What is needed.
Copy, exactly as written, the lines that begin at the one containing "What are the" and end at the one containing "earnings<fcel>Interest expense<fcel>Income tax". Skip any pictures in the data below.

Data provided.
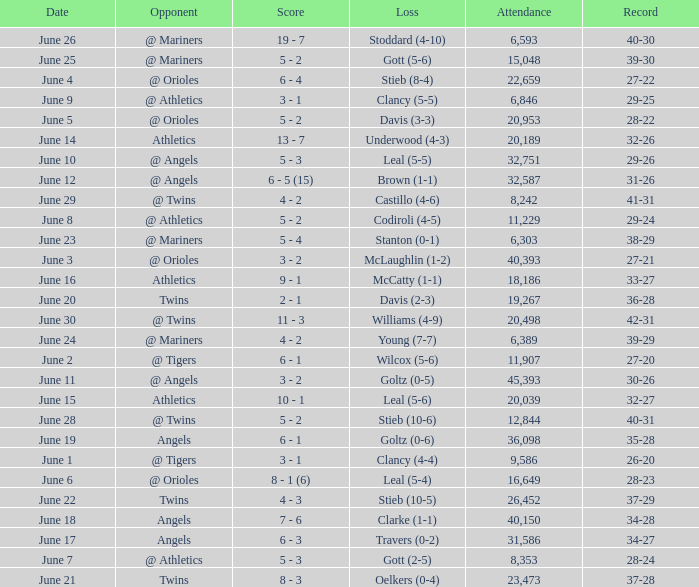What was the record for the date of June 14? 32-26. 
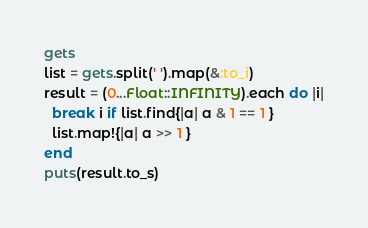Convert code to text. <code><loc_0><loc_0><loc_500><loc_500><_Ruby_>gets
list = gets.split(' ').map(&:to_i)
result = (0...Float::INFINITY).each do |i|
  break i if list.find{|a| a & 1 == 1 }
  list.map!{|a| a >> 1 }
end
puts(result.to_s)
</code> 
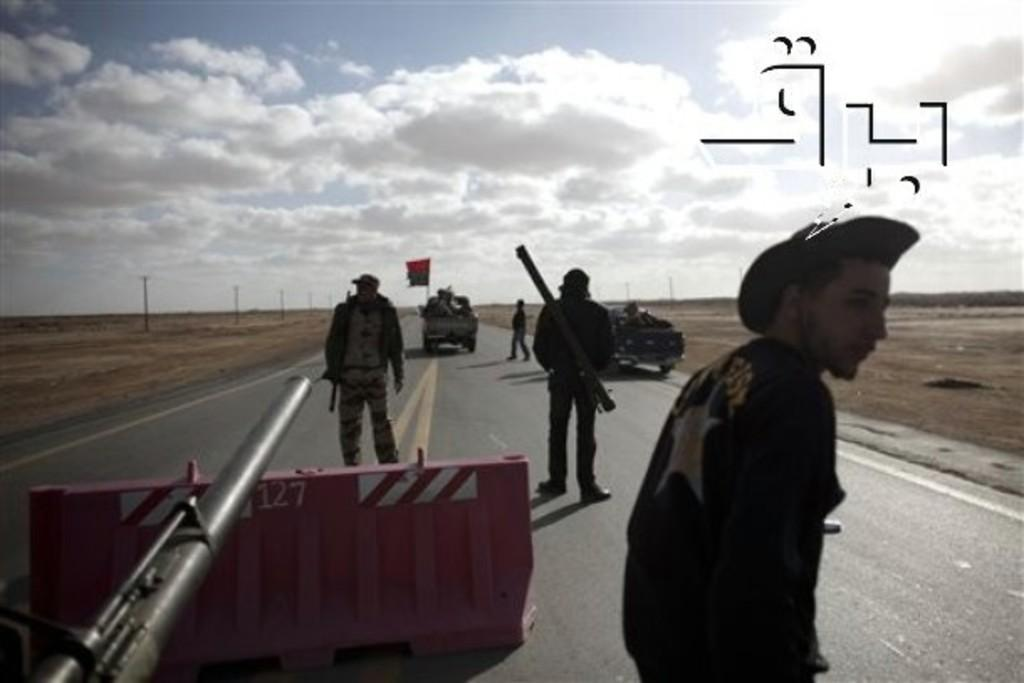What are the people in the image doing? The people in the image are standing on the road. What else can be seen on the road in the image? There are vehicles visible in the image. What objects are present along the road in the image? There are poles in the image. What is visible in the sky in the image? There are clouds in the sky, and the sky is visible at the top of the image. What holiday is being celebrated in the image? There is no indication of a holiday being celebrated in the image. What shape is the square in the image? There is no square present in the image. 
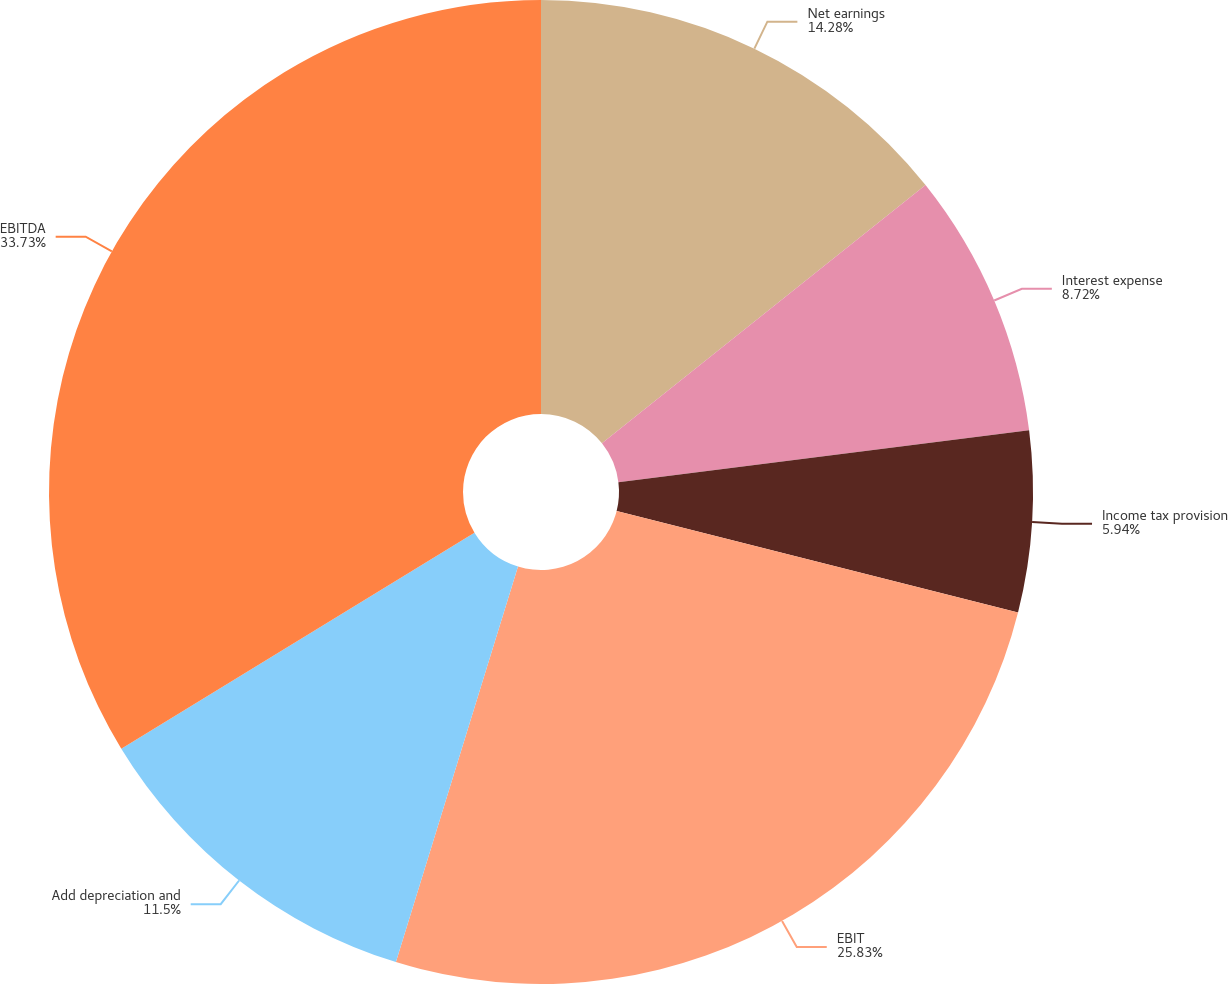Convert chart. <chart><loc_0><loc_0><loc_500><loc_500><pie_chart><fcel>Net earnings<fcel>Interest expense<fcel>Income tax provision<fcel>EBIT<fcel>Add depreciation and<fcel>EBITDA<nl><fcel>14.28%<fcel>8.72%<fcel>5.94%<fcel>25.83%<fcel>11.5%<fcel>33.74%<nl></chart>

==

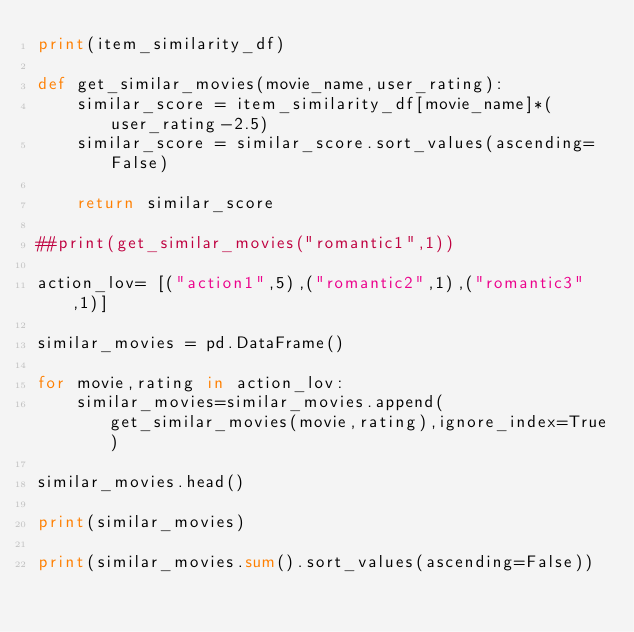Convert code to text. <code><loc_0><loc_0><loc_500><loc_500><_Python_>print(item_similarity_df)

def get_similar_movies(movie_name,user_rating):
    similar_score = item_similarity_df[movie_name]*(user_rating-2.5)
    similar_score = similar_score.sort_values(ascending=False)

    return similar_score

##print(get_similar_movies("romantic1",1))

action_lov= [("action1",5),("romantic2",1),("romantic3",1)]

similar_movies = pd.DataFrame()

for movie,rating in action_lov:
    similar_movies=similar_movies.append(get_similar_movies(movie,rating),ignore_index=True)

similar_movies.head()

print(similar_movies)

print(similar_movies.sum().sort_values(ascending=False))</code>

Result of the task.
What are the people in the image doing? The people in the image are standing on the road. What else can be seen on the road in the image? There are vehicles visible in the image. What objects are present along the road in the image? There are poles in the image. What is visible in the sky in the image? There are clouds in the sky, and the sky is visible at the top of the image. What holiday is being celebrated in the image? There is no indication of a holiday being celebrated in the image. What shape is the square in the image? There is no square present in the image. 
Convert chart. <chart><loc_0><loc_0><loc_500><loc_500><pie_chart><fcel>Net earnings<fcel>Interest expense<fcel>Income tax provision<fcel>EBIT<fcel>Add depreciation and<fcel>EBITDA<nl><fcel>14.28%<fcel>8.72%<fcel>5.94%<fcel>25.83%<fcel>11.5%<fcel>33.74%<nl></chart>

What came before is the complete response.